## Input material
★ ★ ★ ★ ★
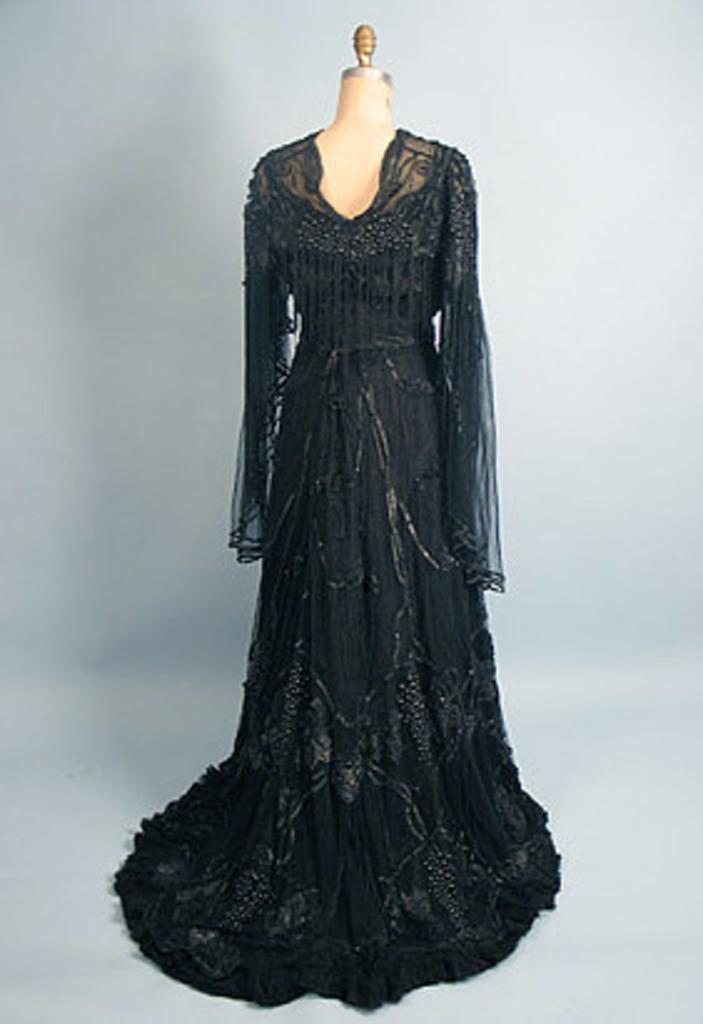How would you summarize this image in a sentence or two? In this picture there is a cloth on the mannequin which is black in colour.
★ ★ ★ ★ ★
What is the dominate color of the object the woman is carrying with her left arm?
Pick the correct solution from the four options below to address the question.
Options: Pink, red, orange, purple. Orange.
★ ★ ★ ★ ★
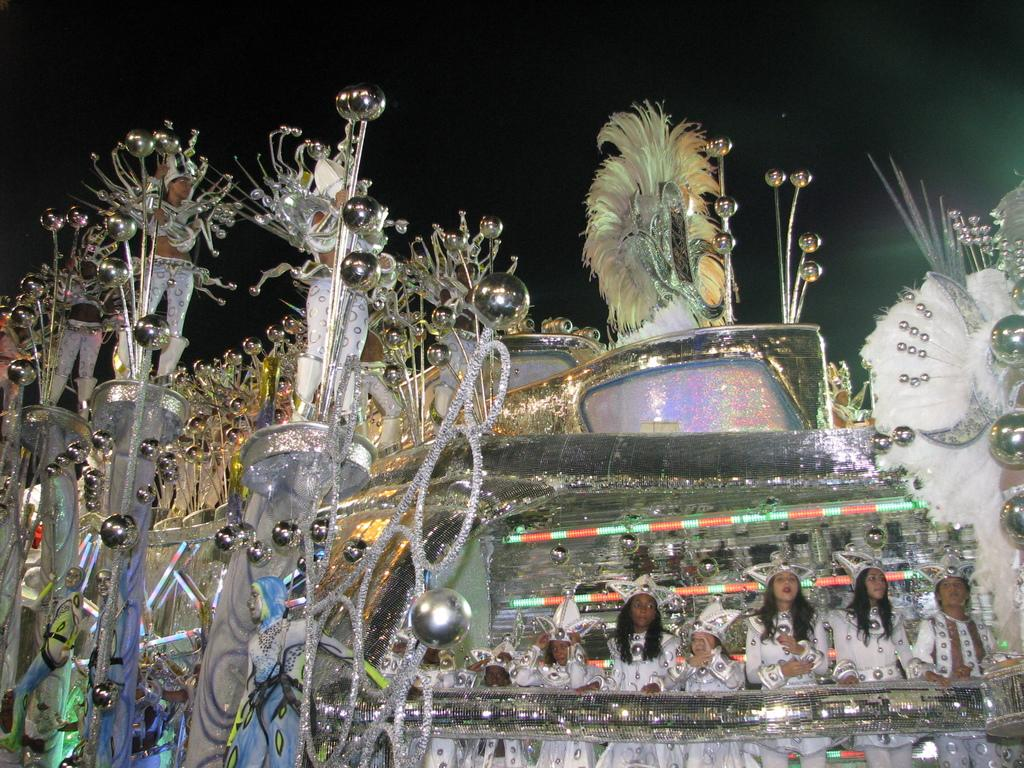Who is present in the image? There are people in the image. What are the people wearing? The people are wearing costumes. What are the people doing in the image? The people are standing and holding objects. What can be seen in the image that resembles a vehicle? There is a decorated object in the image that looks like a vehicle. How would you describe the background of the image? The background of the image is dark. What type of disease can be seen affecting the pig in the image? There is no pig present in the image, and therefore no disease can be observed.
★ ★ ★ ★ ★
Given the records above, return exactly the lines starting at the line containing "Pick the correct" and ending at the line containing "Options: Pink, red, orange, purple. Orange.", including both.

## Response
Pick the correct solution from the four options below to address the question.
Options: Pink, red, orange, purple. Orange.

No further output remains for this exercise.